## Brief
Determine how many lines in the following listing include "small". Respond with that number only.

- - - -

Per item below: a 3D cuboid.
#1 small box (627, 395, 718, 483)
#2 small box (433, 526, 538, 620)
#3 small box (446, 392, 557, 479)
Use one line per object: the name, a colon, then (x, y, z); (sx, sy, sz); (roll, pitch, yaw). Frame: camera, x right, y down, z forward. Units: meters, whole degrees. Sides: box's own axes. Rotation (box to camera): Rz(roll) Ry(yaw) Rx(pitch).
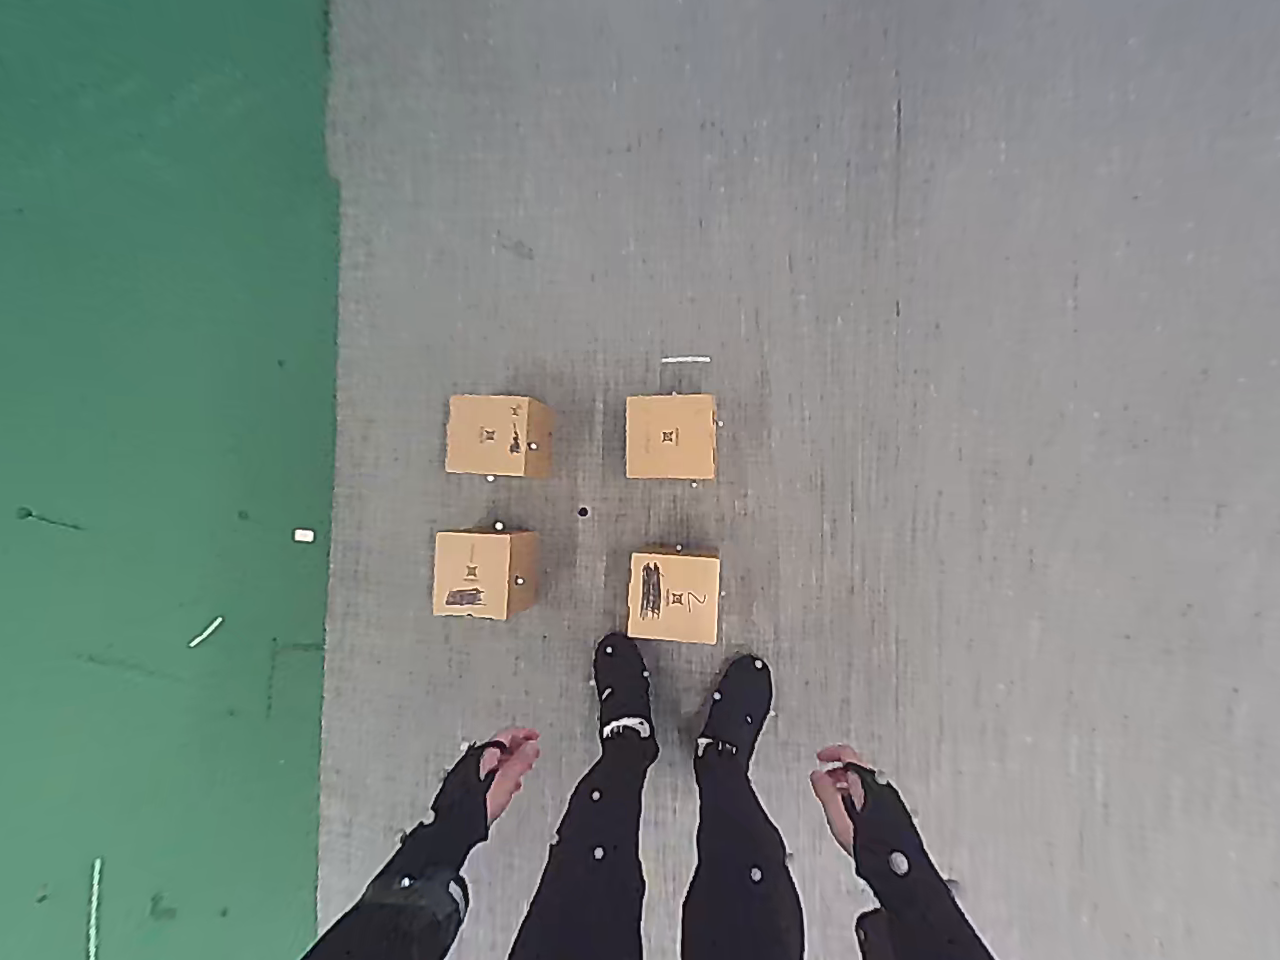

- - - -

## Expected answer
3